- **Your task**:
Keep to one stretch of the data below, the lines from the one with "- person (906,575,918,615)" up to and including the one with "- person (1887,656,1915,664)", and return that stretch exactly.

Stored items
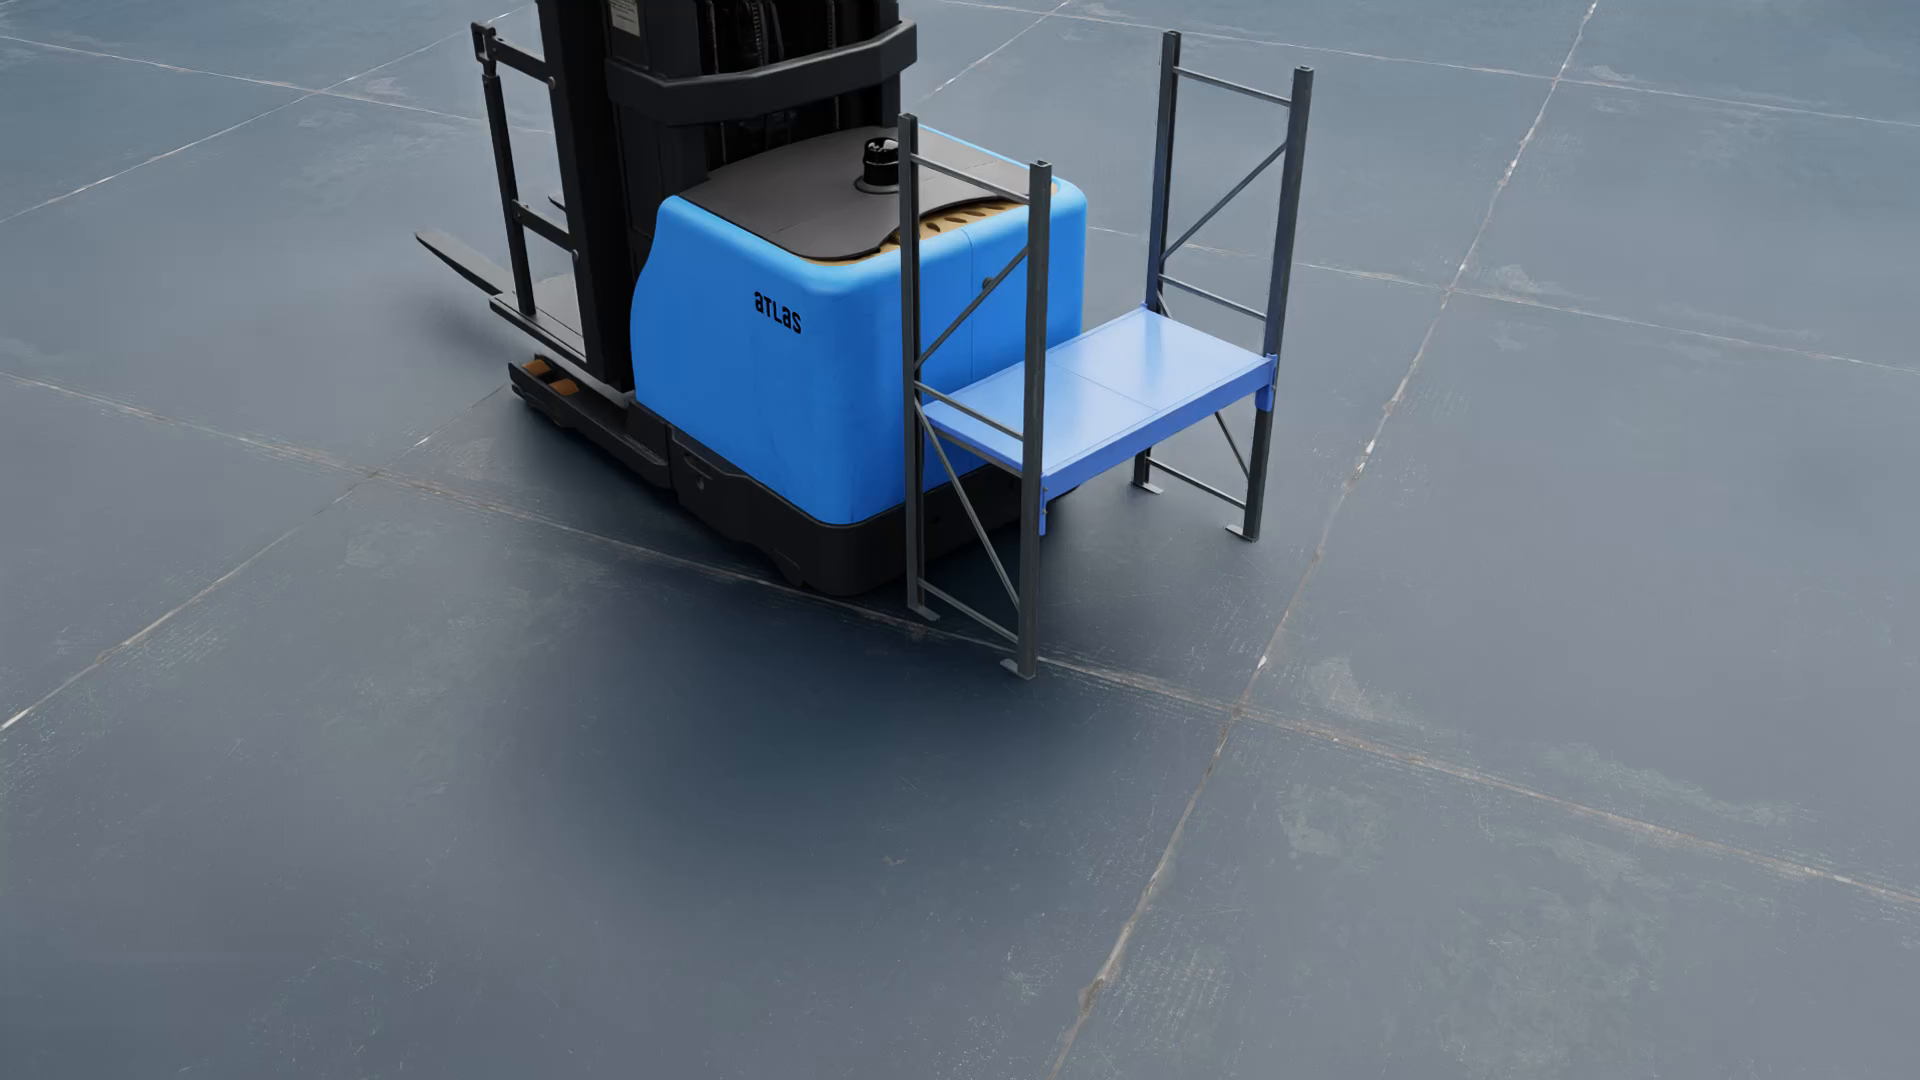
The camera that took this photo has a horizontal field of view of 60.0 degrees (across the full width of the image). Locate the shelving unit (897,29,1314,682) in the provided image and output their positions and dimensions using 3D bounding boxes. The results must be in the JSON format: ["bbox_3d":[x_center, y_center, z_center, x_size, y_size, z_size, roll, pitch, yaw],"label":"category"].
[{"bbox_3d":[0.394,-0.528,4.688,1.048,1.500,0.538,-28,42,-35],"label":"shelving unit"}]

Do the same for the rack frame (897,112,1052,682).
[{"bbox_3d":[0.028,-0.335,4.392,0.032,1.500,0.500,-28,42,-35],"label":"rack frame"}]

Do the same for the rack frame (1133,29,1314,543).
[{"bbox_3d":[0.760,-0.722,4.983,0.032,1.500,0.500,-28,42,-35],"label":"rack frame"}]

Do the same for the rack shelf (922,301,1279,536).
[{"bbox_3d":[0.394,-0.378,4.786,1.000,0.185,0.538,-28,42,-35],"label":"rack shelf"}]

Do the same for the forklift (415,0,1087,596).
[{"bbox_3d":[-0.961,-1.788,5.304,1.130,2.935,3.031,-26,41,-34],"label":"forklift"}]
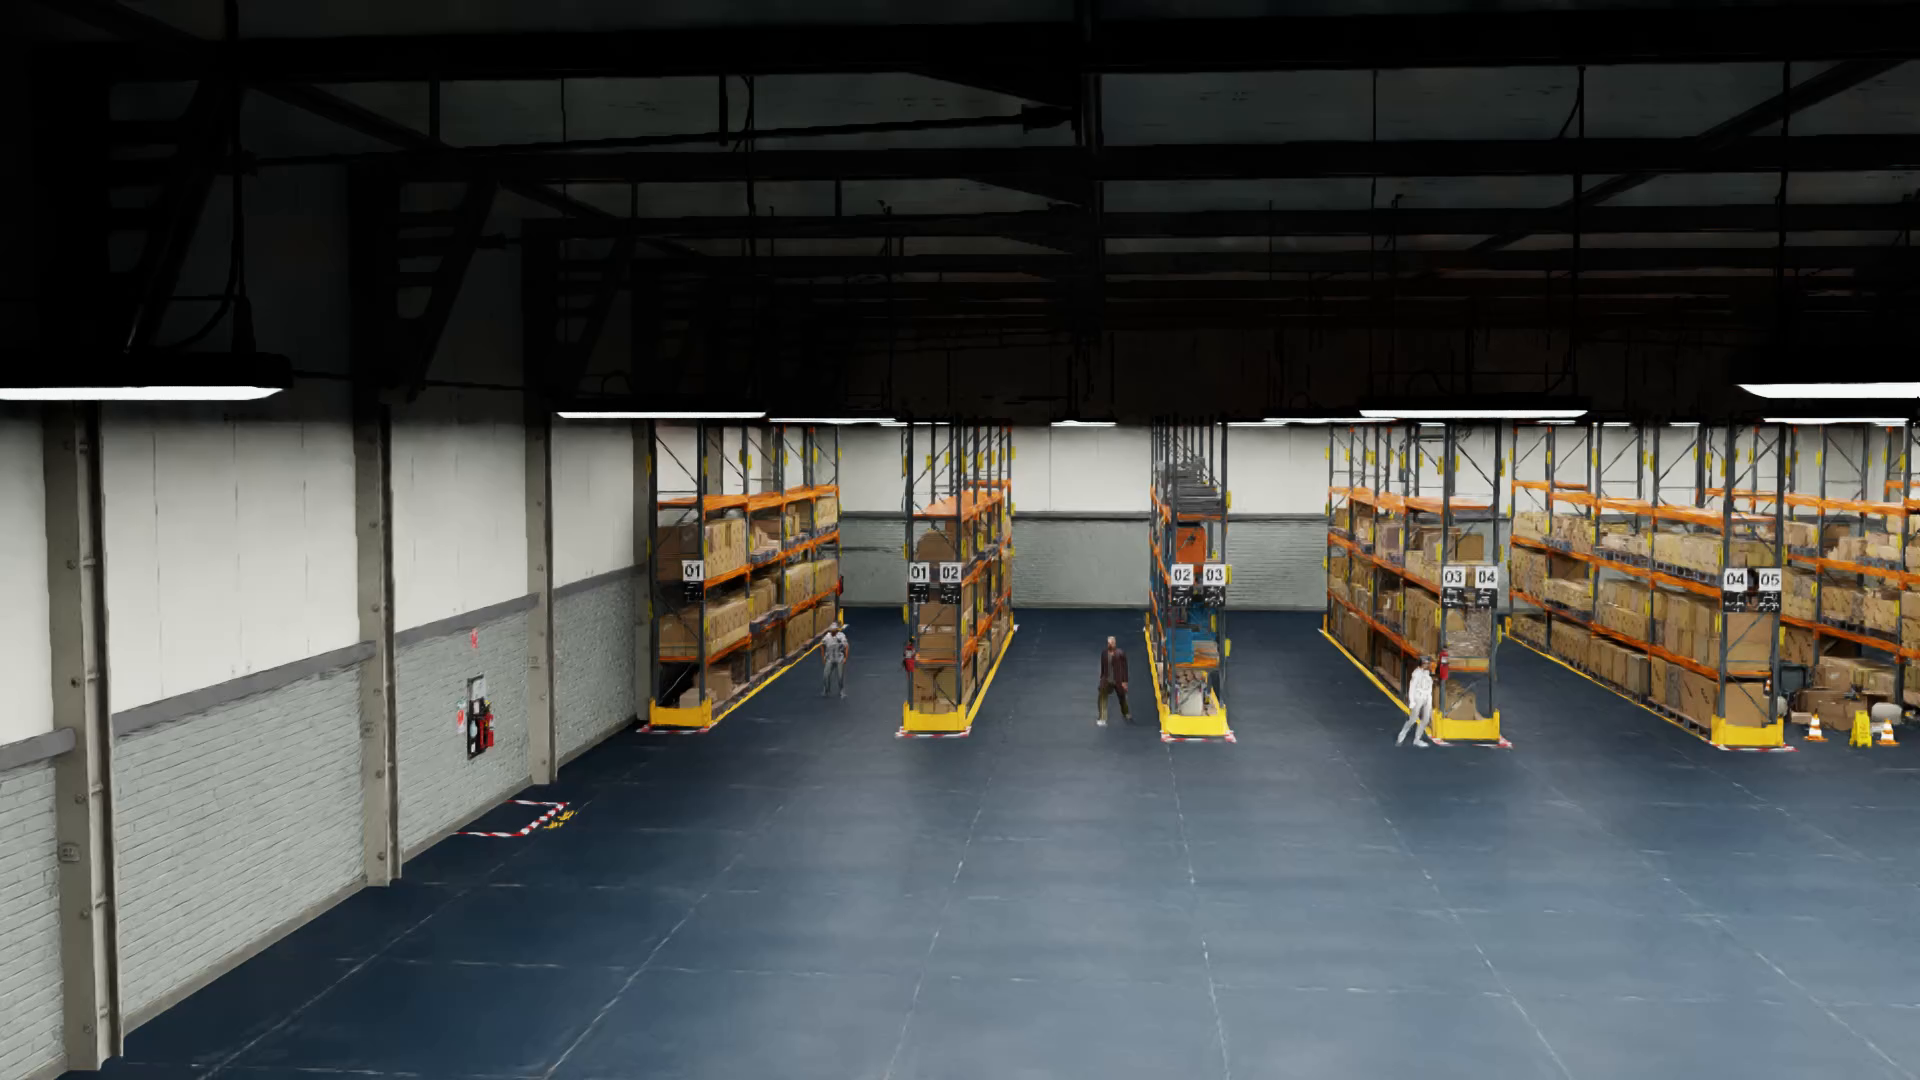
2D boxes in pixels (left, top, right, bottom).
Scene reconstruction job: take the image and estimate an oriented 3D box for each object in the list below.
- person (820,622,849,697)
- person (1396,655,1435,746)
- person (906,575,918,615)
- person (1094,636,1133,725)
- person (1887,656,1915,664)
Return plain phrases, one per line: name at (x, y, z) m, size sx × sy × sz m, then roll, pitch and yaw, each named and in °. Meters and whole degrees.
person at (-2.670, 2.544, 35.403) m, size 0.625 × 1.611 × 0.582 m, roll 0°, pitch 4°, yaw 4°
person at (8.208, 2.890, 30.009) m, size 0.659 × 1.647 × 0.509 m, roll -3°, pitch 5°, yaw -36°
person at (-1.435, 1.518, 51.040) m, size 0.417 × 1.517 × 1.037 m, roll 0°, pitch 4°, yaw 7°
person at (2.986, 2.701, 32.152) m, size 0.619 × 1.722 × 1.045 m, roll 2°, pitch 4°, yaw 25°
person at (22.971, 2.090, 40.526) m, size 0.594 × 1.782 × 0.678 m, roll 2°, pitch 4°, yaw 28°

- **Solution for this task**:
- person (906,575,918,615)
- person (1094,636,1133,725)
- person (1887,656,1915,664)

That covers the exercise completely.